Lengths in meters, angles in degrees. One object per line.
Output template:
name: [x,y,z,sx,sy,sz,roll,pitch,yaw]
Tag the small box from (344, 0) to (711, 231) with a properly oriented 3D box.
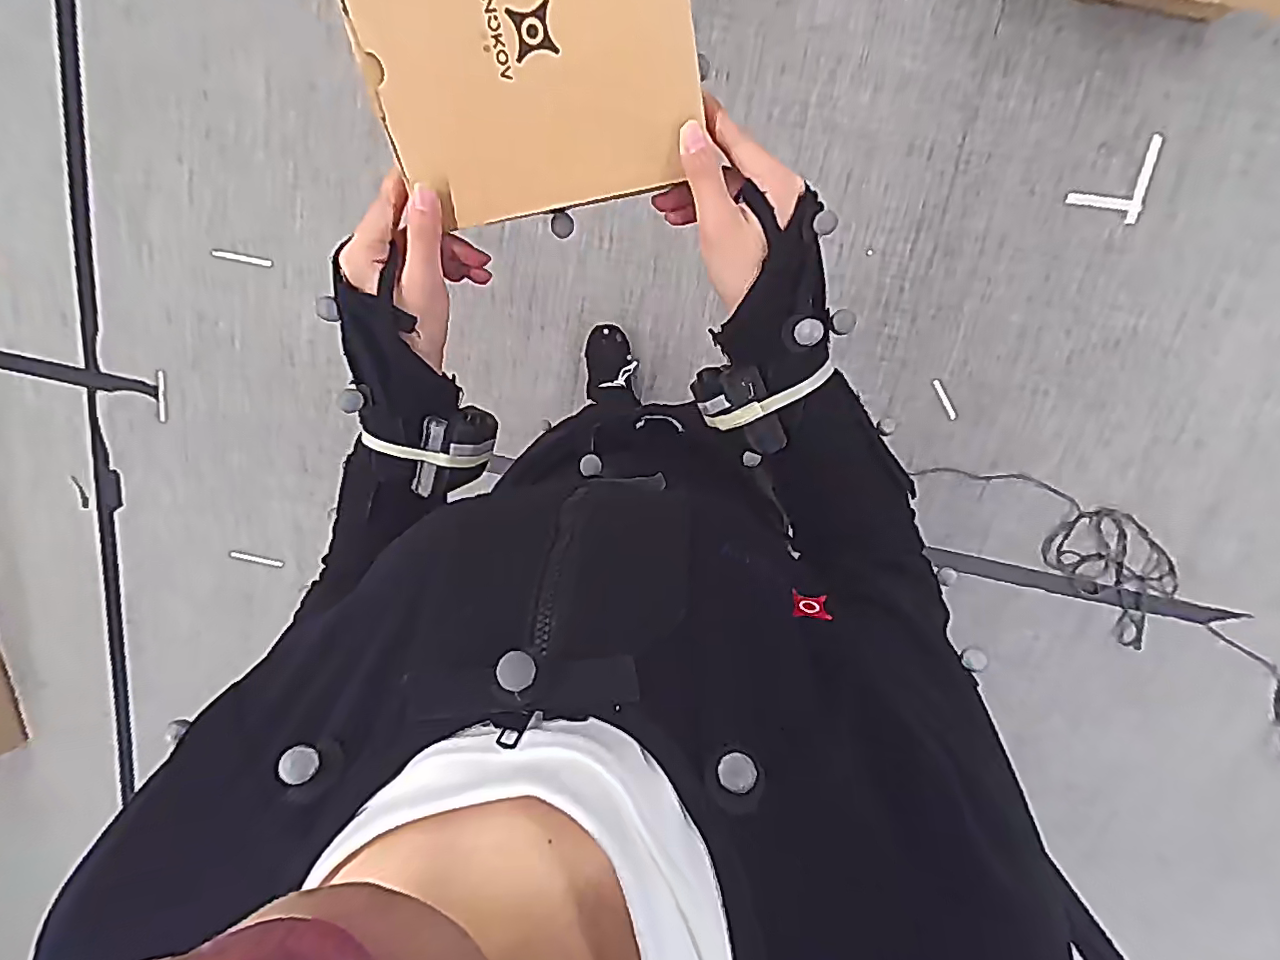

■ ■ ■ ■ ■

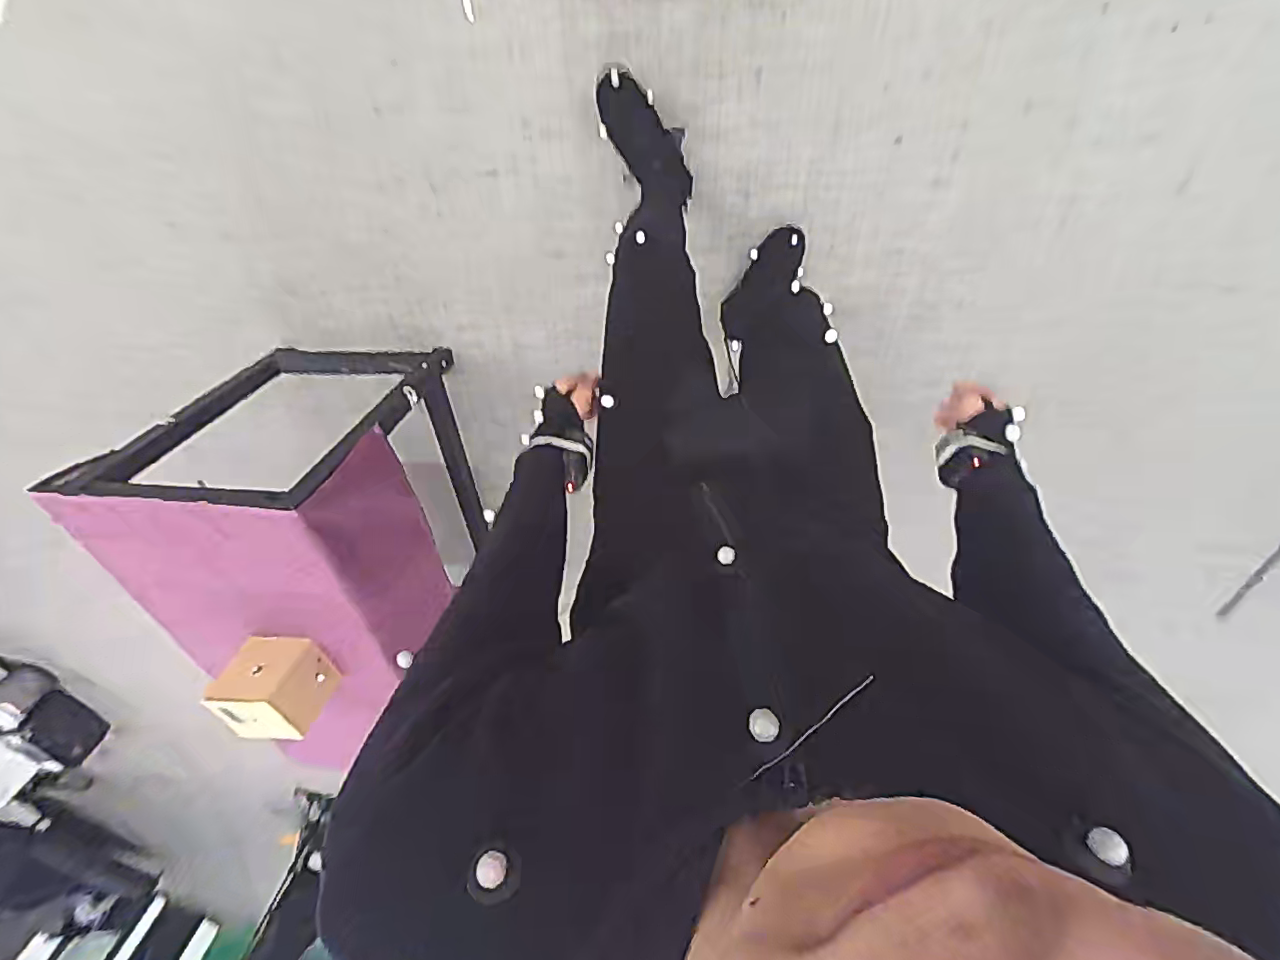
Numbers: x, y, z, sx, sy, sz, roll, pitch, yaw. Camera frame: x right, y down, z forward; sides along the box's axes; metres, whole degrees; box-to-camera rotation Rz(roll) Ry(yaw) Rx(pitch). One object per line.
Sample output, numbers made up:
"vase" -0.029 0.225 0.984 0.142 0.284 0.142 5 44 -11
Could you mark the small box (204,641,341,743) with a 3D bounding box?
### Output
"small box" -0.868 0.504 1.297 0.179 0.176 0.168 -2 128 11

■ ■ ■ ■ ■

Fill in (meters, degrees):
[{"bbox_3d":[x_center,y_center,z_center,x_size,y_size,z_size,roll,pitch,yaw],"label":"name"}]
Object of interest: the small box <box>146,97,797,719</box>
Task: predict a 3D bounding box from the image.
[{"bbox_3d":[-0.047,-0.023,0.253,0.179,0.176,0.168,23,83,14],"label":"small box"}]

■ ■ ■ ■ ■

**Exercise instructions:** All that is needed is the exact run of lines above from the line containing "name: [x,y,z,sx,sy,sz,roll,pitch,yaw]" through the line containing "Tag the small", both of them included.

**Problem solution:**
name: [x,y,z,sx,sy,sz,roll,pitch,yaw]
Tag the small box from (344, 0) to (711, 231) with a properly oriented 3D box.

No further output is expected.